During a well-child visit, your child is weighed and measured and a physical exam is done to check for anything out of the ordinary. Your provider will ask about developmental milestones and concerns you may have. In addition, every well-child check-up includes:

  • Checking vital signs such as temperature, heart rate, and respiratory rate
  • Questions about the child’s diet, elimination and sleeping habits
  • Developmental milestone assessment
  • Immunizations
  • A review of safety, nutrition, family dynamics, and disciplinary guidance

In many homes, both parents work, so children must be left in the care of a childcare provider. In this case, your pediatric provider will need to complete a health assessment form that will be kept on file at the childcare center or home. This assessment assures the childcare providers that your child is not only in good health, but that he or she is also up to date on immunizations.

Back-to-school exams can be done at the same time as well-child visits but often occur during the summer months to address any concerns regarding the new school year. This is also a good time to review immunization records and get caught up on missing vaccines. And, if your child will be participating in school sports, the well-child visit can qualify as a sports physical as well. Just be sure to bring any required paperwork from the school.

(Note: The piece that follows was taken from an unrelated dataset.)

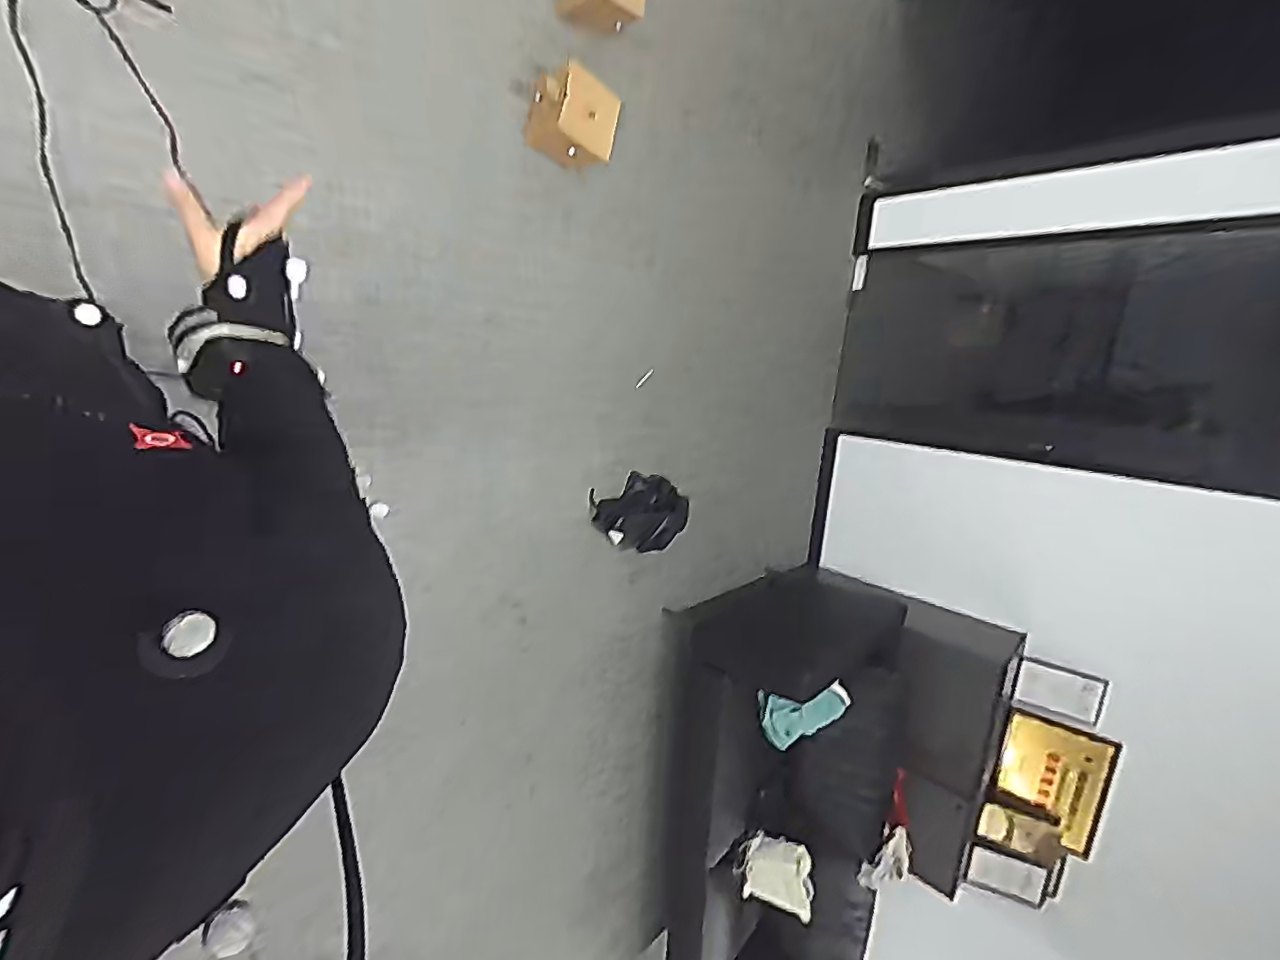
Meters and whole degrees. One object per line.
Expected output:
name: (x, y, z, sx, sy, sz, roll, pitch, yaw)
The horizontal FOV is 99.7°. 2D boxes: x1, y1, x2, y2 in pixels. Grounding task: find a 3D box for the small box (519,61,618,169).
small box: (-0.191, -0.958, 1.441, 0.179, 0.176, 0.168, 7, 97, -47)

These checkups are a great opportunity for you, as parents, to discuss your child’s development concerns. It’s also the perfect time to ask questions about behavior or mental health questions. Your pediatrician can be a resource for any parenting issues you may be facing as well.

By seeing your children regularly, your doctor will have a running history of their health and development which will help them recognize potential problems. The annual exams can detect illnesses and injuries that don’t have obvious symptoms. Plus, it’s pretty exciting for you, and your child, to see how much they have grown from one year to the next.

You and your pediatrician can build a trusting relationship that will extend to your child as he or she grows older. You’ll be able to work as a team to keep your child on the right track for physical and social development.

Linda Gobin, APRN, FNP-C

“The well-child visits help me to get to know the child and family on a personal level. This allows me to anticipate their needs.” said Linda Gobin, GraceMed Pediatric Nurse Practitioner, “The stronger the relationship I have with the child and the family, the better I can help recommend the best care for the child. Also, the child may enjoy coming to the visits more, as they learn to trust me, which helps build a successful relationship.”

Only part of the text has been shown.